Kafka cluster rolling restart

Hello,

I'm doing some tests with rolling restarts in a Kafka cluster and I have a
couple of questions related to the impact of rolling restarts on Kafka
consumers/producers and on the overall process.

First, some context on my setup:

   - Kafka cluster with 3 nodes.
   - Topic replication factor of 3 with minISR of 2.
   - All topics have a single partition (I intend to increase the
   partitioning factor in the future, but for now it's just 1 for testing
   purposes).
   - Kafka version is 3.2.3.
   - I have two systems that communicate via these Kafka topics.
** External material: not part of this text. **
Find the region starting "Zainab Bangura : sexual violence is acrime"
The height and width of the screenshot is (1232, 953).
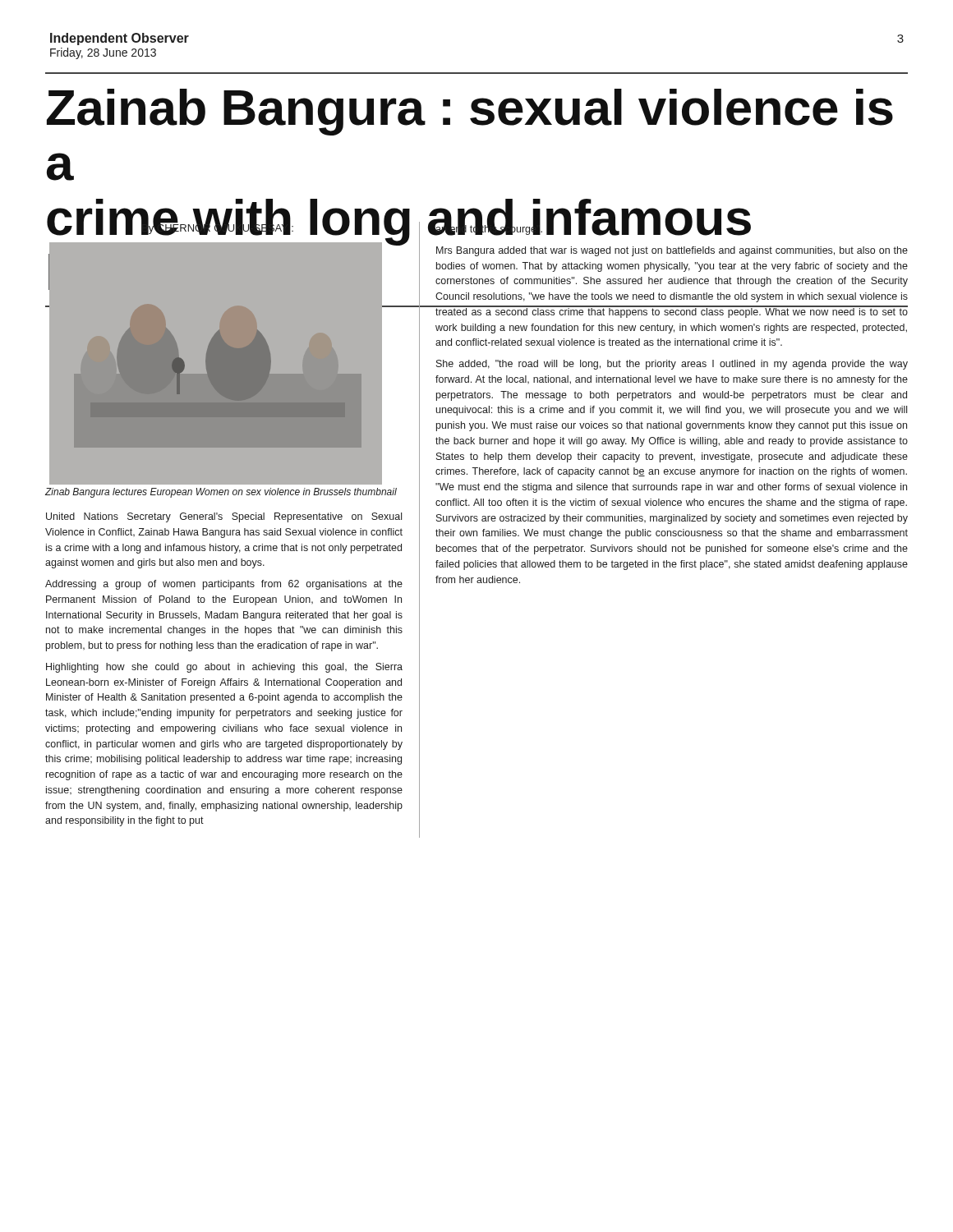click(476, 190)

The
   high-level flow is:
      1. System A sends a message to a Kafka topic (at a rate of ~10
      events/sec).
      2. System B consumes the message.
      3. System B sends a reply to a Kafka topic.
      4. System A consumes the reply.
   - When the system is stable, I see end-to-end latencies (measured on
   System A) around 10ms in the 99th percentile.
   - System A is using Kafka client 3.3.1, and System B is using Kafka
   client 3.4.0.
   - Kafka consumers and producers on both systems are with the default
   configurations, except that the Kafka consumers have auto-commits disabled.
   - All Kafka brokers are configured with controlled.shutdown.enable set
   to true.
   - The Kafka cluster is running in Kubernetes and deployed using Strimzi
   (this is just for awareness).
   - The rolling restart process is the following (when using Strimzi to
   manage it, and when we try to do it manually):
      1. Restart each broker, one at a time, by sending a SIGTERM to the
      broker process. The controller broker is the last one to be restarted.
      2. Only restart the next broker when the current broker reports the
      broker state as RUNNING. Note: when we do this manually (without
Strimzi),
      we wait to see the end-to-end latencies stabilize before moving
to the next
      broker.

Now, my questions:

   1. When we do this process with Strimzi (waits for the broker state to
   be RUNNING before moving to the next one), we've seen end-to-end latencies
   growing up to 1-2 minutes (System A is not even able to send events to the
   Kafka topic). This is unexpected because AFAIK the configurations that we
   are using are the ones recommended for high availability during rolling
   restarts. My question is: is it enough to wait for the broker state to be
   RUNNING to move on to the next broker?
   2. When we do this process manually (we wait for end-to-end latencies to
   stabilize and only then move to the next broker), we've seen end-to-end
   latencies growing up to 1 second. While this is much better than what we
   see in 1., my question is whether this latency increase is expected or not.

Thanks in advance,
Luís Alves

Re: Kafka cluster rolling restart

Posted by Divij Vaidya <di...@gmail.com>.
I concur with what Peter mentioned. You should wait for the
under-replicated partition count to be zero.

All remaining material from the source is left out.